Auditors noted that under the BOR Resolution No. 24, the rate should have been P600 for students with 10 units or lower; P900 for those with 11 to 15 units; P1,150 for those enrolled in 16 to 20 units; and P1,400 for 21 units and above.

While the rules say only First Year students were supposed to be billed P250 for E-Learning fees, non-freshmen students were still billed in CTU’s Cebu City and Main campuses.

Medical fees were charged at P200 instead of P150 while dental fees were collected at P100 instead of just P50.

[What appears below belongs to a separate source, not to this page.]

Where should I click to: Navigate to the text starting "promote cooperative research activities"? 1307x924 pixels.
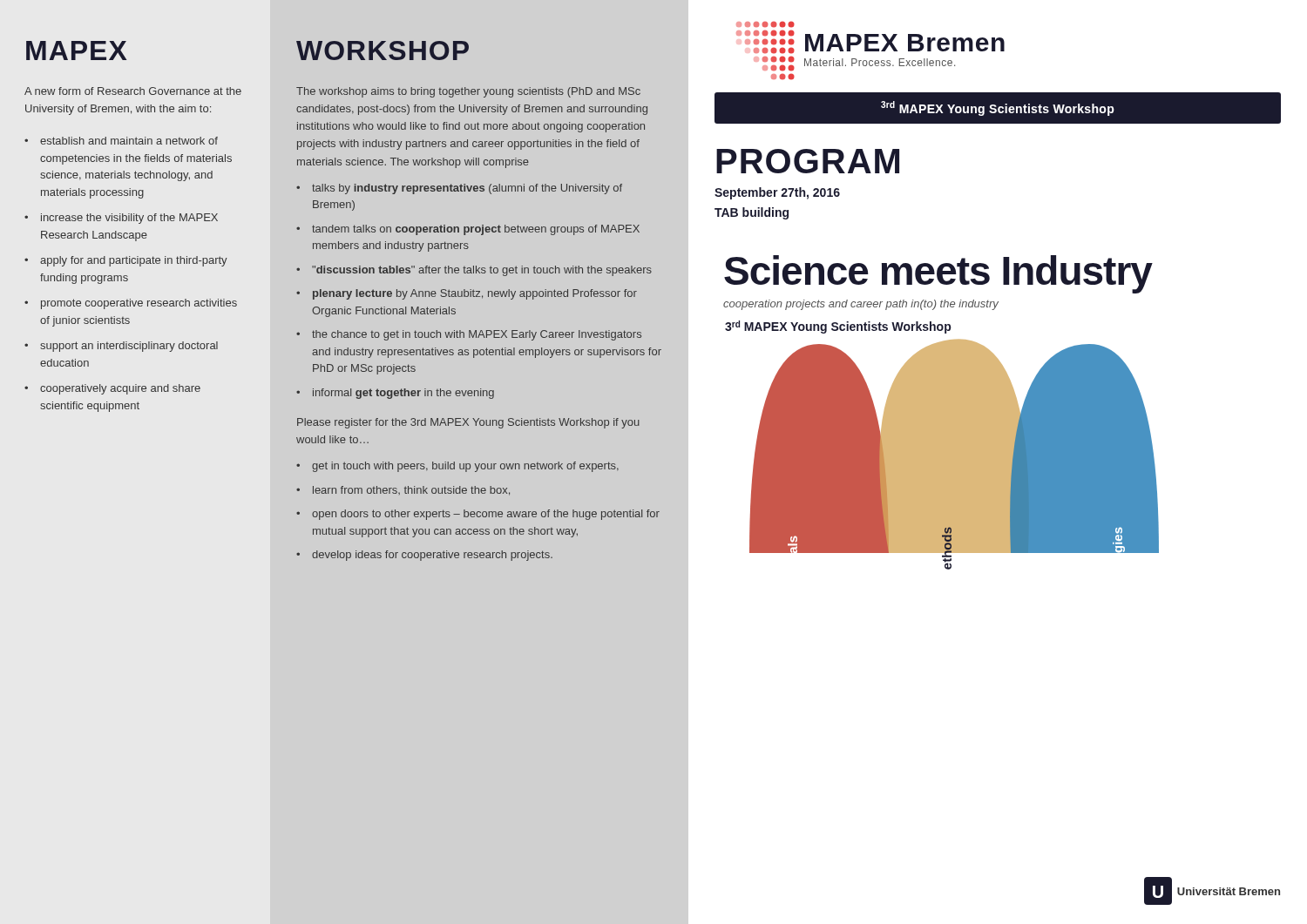(139, 311)
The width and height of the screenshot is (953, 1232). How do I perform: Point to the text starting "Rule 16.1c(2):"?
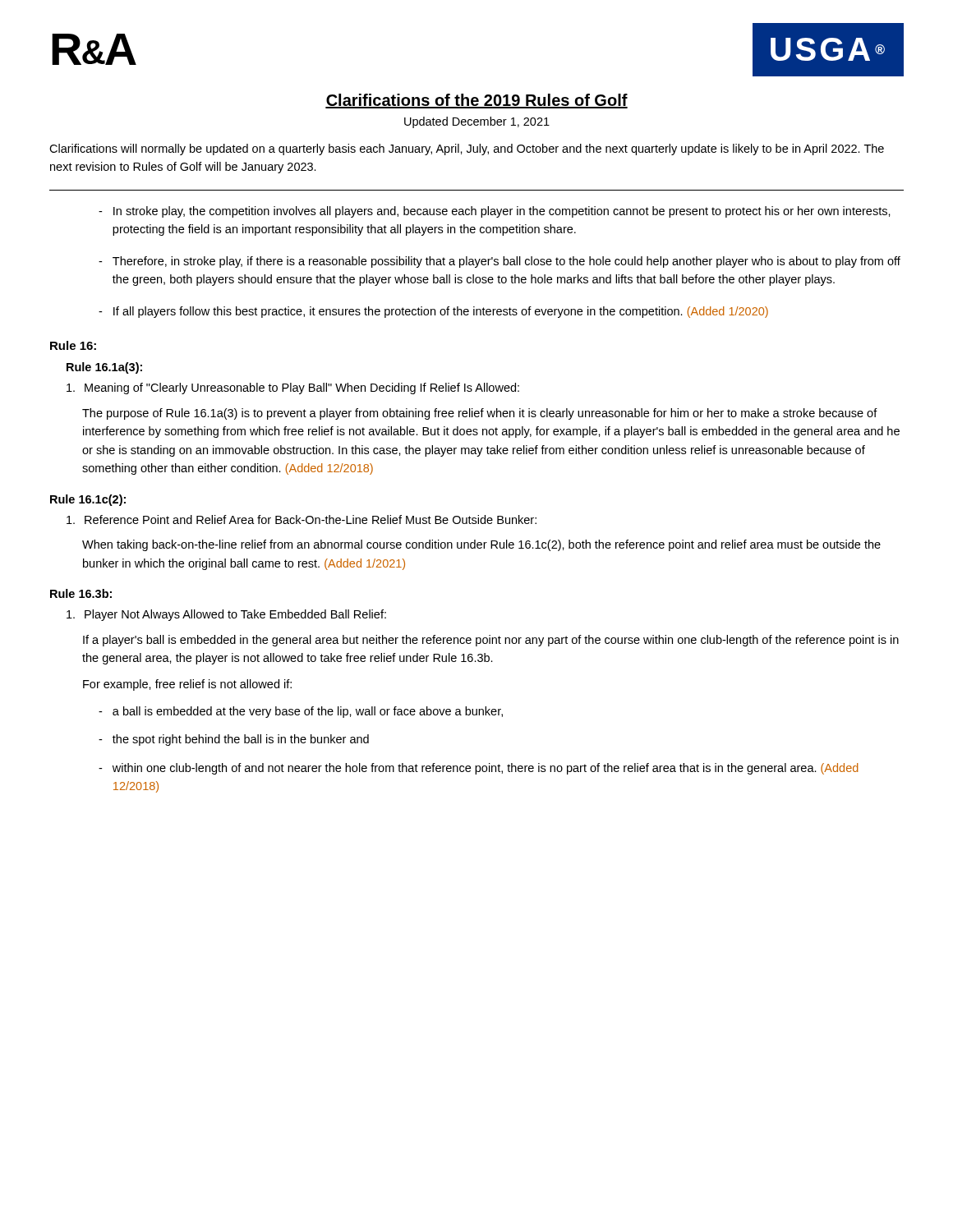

On the other hand, laboratory fees were discovered to have been charged to students who were not enrolled in any subject that had anything to do with laboratory use.

“Both the UniFAST and the Accounting Office of the CHED Central Office failed to capture those excessive billings because of deficient control mechanisms in place at the time,” the COA pointed out.

It noted that the hundreds of millions in overpayment bared that the CHED-CO Accounting Office failed to conduct “an independent review of the billings prior to payment because they relief on the pre-audit conducted by the UniFAST Secretariat.”

Other than collecting repayment from the SUCs, the COA likewise recommended that stronger control mechanisms are needed to be instituted at the level of the UniFAST Billing Unit and the Accounting Division of CHED to detect ineligible or excessive fees.

The CHED said it has received a notification from the CTU that conducted its own validation and has filed a request for reconsideration, seeking a reduced amount for repayment at P386.036 million or an adjustment of P116.63 million.